# Tivo with 40GB Drive and Network card



## Gavin (Jan 1, 2003)

Title says it all, VM installed the new one yesterday so this is completely redundant and has been in the loft too long.


Comes with original 40GB drive, and network card, I don't remember if the network card drivers are installed as I had a bigger disk in it that I know was networked, and I then re-used it elsewhere (remember when 240GB were big), but that's an easy job to do.

Located in Harlow Essex, Free to a collector postage I guess My Hermes at cost.

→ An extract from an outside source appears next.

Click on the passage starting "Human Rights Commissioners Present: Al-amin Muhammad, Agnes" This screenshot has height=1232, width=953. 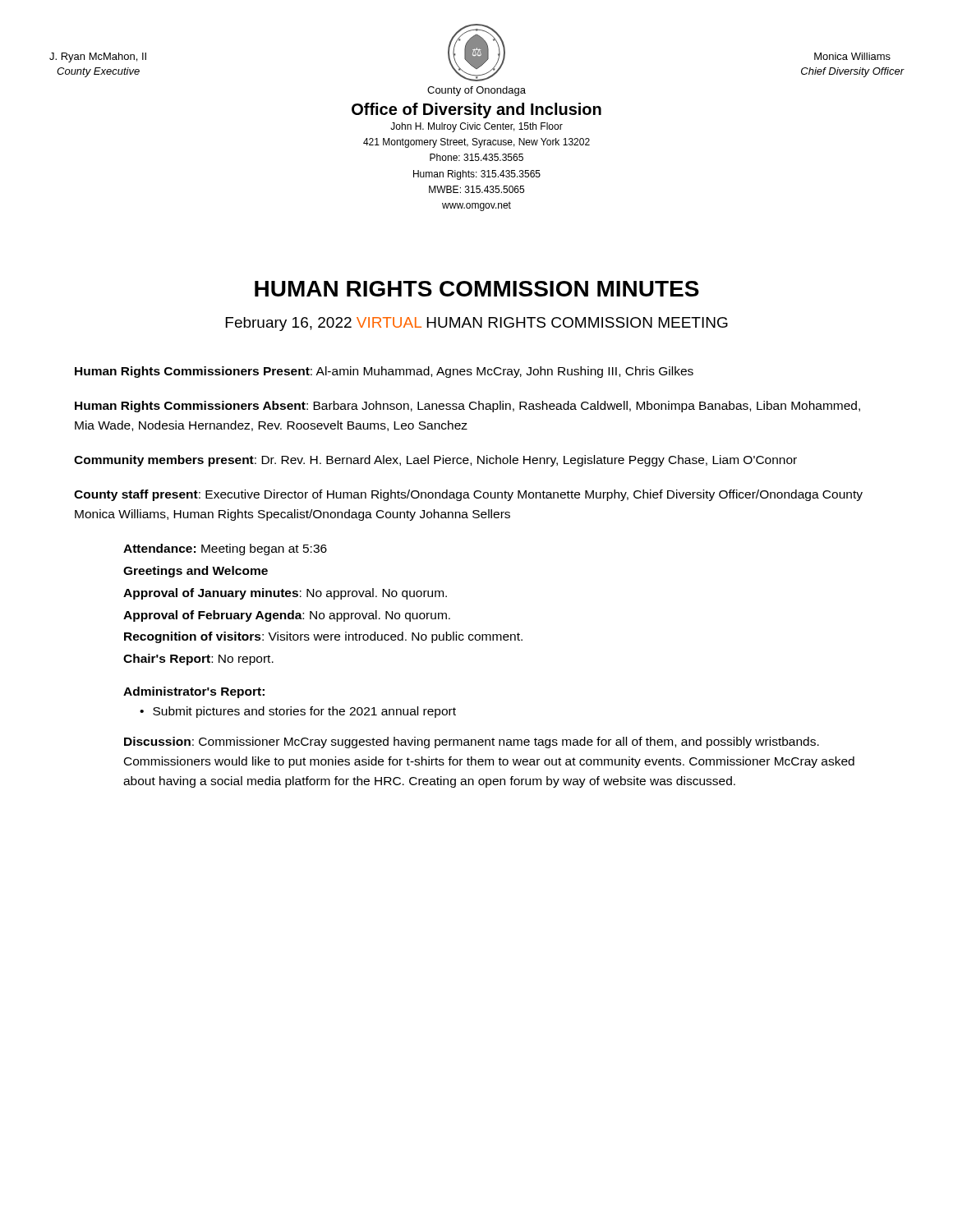[476, 371]

Comes boxed with manuals, remote and blaster leads, only think it may not have is the figure 8 powerlead as like the hard disk it got used elsewhere. (probably the DVD player..)


----------



## abarthman (Nov 12, 2002)

Is this TiVo still available, Gavin?

I would be happy to give it a good home.


----------



## Gavin (Jan 1, 2003)

abarthman said:


> Is this TiVo still available, Gavin?
> 
> I would be happy to give it a good home.


Certainly

Where are you?


----------



## Gavin (Jan 1, 2003)

I'm away on holidya for a week after toomorow, the tivos still available but I won;t be answering any email till at least the 6th of Oct..


----------



## abarthman (Nov 12, 2002)

Sorry for the late reply, Gavin.

I'll contact you via PM.


----------



## Gavin (Jan 1, 2003)

Now sent to a new home....


----------